Morey J. Haber is Chief Technology Officer and Chief Information Security Officer at BeyondTrust. He has more than 25 years of IT industry experience and has authored three Apress books: Privileged Attack Vectors, Asset Attack Vectors, and Identity Attack Vectors. In 2018, Bomgar acquired BeyondTrust and retained the BeyondTrust name. He originally joined BeyondTrust in 2012 as a part of the eEye Digital Security acquisition. Morey currently oversees BeyondTrust strategy for privileged access management and remote access solutions. In 2004, he joined eEye as Director of Security Engineering and was responsible for strategic business discussions and vulnerability management architectures in Fortune 500 clients. Prior to eEye, he was Development Manager for Computer Associates, Inc. (CA), responsible for new product beta cycles and named customer accounts. He began his career as Reliability and Maintainability Engineer for a government contractor building flight and training simulators.
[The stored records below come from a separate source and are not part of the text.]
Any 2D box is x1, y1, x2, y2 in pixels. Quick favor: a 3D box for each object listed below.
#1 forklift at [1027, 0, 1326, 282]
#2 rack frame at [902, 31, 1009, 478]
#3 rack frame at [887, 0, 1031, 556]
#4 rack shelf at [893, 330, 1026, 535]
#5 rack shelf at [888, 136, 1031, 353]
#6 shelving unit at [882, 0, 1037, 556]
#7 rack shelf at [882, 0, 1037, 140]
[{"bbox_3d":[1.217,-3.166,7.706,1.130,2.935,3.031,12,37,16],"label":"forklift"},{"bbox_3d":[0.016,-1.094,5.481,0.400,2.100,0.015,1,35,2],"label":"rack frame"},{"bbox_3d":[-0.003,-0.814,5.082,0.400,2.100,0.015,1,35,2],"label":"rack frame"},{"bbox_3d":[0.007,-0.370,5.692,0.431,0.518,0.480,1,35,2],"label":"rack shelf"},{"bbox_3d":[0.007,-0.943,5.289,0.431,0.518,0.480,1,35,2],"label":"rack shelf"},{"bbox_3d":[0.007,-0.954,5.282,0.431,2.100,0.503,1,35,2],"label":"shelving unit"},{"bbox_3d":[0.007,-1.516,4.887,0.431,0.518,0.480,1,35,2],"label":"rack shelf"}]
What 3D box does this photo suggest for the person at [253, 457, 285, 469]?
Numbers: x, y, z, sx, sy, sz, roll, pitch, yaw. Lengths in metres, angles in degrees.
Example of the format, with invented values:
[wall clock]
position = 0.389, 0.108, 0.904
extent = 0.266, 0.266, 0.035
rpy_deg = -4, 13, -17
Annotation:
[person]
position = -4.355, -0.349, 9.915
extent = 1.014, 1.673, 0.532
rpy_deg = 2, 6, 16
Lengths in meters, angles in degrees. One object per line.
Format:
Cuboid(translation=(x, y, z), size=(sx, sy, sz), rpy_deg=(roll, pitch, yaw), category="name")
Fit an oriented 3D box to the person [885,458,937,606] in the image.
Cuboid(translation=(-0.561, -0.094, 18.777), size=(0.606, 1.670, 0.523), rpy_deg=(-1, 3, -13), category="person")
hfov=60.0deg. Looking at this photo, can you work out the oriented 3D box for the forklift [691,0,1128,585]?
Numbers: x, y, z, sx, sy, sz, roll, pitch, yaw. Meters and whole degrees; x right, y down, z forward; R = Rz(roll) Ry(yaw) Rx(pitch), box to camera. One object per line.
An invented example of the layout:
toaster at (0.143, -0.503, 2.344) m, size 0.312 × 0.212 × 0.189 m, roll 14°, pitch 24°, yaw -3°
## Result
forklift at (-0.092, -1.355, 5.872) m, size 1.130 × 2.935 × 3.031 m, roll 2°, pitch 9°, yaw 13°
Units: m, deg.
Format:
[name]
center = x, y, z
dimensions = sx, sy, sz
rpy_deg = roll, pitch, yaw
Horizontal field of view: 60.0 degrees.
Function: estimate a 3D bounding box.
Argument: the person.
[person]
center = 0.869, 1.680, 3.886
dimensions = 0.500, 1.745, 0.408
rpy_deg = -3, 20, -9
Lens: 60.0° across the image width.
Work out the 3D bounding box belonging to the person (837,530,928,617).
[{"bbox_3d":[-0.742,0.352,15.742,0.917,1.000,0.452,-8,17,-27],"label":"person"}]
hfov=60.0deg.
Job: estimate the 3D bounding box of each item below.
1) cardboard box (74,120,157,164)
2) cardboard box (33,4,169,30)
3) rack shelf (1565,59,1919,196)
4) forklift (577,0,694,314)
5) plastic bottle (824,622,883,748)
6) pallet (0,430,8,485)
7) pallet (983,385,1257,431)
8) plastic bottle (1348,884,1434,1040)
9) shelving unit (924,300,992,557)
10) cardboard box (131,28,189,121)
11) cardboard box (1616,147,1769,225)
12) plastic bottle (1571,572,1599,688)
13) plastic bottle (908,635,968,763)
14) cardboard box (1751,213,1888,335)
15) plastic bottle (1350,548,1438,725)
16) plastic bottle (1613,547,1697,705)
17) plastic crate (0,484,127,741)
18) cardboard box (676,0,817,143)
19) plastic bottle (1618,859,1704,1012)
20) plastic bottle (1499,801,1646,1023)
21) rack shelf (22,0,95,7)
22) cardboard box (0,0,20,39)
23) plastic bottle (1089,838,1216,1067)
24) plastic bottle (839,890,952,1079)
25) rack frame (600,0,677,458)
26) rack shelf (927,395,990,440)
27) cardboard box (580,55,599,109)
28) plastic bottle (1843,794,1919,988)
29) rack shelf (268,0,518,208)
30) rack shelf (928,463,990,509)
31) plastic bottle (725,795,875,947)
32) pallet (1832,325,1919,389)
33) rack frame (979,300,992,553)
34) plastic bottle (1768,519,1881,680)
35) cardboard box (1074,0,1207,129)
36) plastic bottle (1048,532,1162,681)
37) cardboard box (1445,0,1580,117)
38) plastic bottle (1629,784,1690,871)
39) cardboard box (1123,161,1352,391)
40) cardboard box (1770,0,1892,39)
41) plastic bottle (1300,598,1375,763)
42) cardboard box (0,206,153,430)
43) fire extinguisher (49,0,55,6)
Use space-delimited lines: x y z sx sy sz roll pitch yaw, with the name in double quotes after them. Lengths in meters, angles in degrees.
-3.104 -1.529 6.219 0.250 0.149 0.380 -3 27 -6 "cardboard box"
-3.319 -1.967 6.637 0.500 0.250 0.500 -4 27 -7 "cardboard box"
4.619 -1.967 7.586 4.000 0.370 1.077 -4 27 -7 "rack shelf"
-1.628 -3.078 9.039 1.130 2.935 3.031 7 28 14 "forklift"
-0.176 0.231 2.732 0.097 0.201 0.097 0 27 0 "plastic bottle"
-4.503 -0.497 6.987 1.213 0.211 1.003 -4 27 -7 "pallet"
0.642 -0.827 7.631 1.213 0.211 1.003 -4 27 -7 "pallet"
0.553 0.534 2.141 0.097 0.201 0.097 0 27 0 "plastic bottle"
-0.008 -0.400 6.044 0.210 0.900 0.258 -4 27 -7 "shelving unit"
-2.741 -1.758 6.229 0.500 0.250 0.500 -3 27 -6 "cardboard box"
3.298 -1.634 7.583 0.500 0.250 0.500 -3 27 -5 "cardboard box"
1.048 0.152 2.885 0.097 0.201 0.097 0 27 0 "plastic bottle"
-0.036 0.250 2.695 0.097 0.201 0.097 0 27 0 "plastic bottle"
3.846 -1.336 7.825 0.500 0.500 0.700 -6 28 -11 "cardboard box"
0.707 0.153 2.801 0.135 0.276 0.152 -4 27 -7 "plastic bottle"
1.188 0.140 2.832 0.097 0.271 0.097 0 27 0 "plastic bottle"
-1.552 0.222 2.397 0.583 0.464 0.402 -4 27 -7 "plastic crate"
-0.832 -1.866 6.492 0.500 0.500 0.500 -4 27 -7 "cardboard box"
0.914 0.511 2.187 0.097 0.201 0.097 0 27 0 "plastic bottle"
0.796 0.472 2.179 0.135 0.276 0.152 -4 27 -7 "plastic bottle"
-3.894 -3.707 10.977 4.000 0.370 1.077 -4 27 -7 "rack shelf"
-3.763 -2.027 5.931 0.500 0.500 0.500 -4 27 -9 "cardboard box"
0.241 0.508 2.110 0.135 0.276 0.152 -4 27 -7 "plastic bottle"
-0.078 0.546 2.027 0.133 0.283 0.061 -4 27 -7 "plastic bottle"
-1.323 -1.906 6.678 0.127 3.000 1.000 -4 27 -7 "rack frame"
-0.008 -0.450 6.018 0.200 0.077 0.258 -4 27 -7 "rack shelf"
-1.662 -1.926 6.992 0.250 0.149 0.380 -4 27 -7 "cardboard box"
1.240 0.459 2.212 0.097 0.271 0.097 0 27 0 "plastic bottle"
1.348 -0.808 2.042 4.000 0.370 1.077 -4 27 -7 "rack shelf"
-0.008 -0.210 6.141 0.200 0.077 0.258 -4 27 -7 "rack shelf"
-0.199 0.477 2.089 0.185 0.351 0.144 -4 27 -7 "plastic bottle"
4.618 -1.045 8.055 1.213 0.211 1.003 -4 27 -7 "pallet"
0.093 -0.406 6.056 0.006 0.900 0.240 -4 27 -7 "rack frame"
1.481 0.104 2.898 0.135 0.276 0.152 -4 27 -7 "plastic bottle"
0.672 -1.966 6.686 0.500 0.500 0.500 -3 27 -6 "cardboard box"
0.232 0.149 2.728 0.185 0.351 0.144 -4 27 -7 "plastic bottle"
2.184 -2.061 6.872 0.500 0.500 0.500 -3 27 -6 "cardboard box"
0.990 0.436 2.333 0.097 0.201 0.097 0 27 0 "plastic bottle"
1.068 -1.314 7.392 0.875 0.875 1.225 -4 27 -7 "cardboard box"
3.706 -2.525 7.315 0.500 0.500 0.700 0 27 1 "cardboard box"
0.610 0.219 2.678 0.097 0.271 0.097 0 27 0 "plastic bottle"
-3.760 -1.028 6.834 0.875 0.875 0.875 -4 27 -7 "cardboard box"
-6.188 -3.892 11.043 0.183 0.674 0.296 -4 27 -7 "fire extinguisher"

He earned a Bachelor of Science degree in Electrical Engineering from the State University of New York at Stony Brook.

Jim Richberg’s role as a Field Chief Information Security Office (CISO) at Fortinet leverages his 35 years’ experience leading and driving innovation in cybersecurity, threat intelligence, and cyber strategy. He currently focuses on measuring cybersecurity performance (ROI) and cyber risk management within government and companies, on improving election security, and on helping public and private sector organizations maximize their IT efficiency and security post-COVID-19 in the face of increasing operational complexity and budgetary pressure to “do more with less”.

Prior to joining Fortinet, Mr. Richberg served as the National Intelligence Manager for Cyber, the senior Federal Executive focused on cyber intelligence within the $80B+/100,000 employee US Intelligence Community (IC). He led creation and implementation of cyber strategy for the 17 departments and agencies of the IC, set integrated priorities on cyber threat, and served as Senior Advisor to the Director of National Intelligence (DNI) on cyber issues. He brings a broad enterprise-level approach to cybersecurity honed as a member of the Executive team which created and oversaw implementation of the multi-billion dollar whole-of-government Comprehensive National Cybersecurity Initiative (CNCI) that generated new Government cyber capability and enhanced cybersecurity in the private sector and critical infrastructure.

Mr. Richberg’s broad operational, analytic and leadership experience –including his 20 years at CIA-- gives him practical insight into difficult cyber problems ranging from advanced threat capabilities to supply chain integrity and insider threat. He has extensive experience engaging with audiences ranging from Heads of State and CEO’s to analysts and IT staff. He brings a strong focus on strategic problem solving (identify and solve the key problem vs. the most visible one) and on framing complex problems in comprehensible terms that facilitate analysis and formulation of solutions.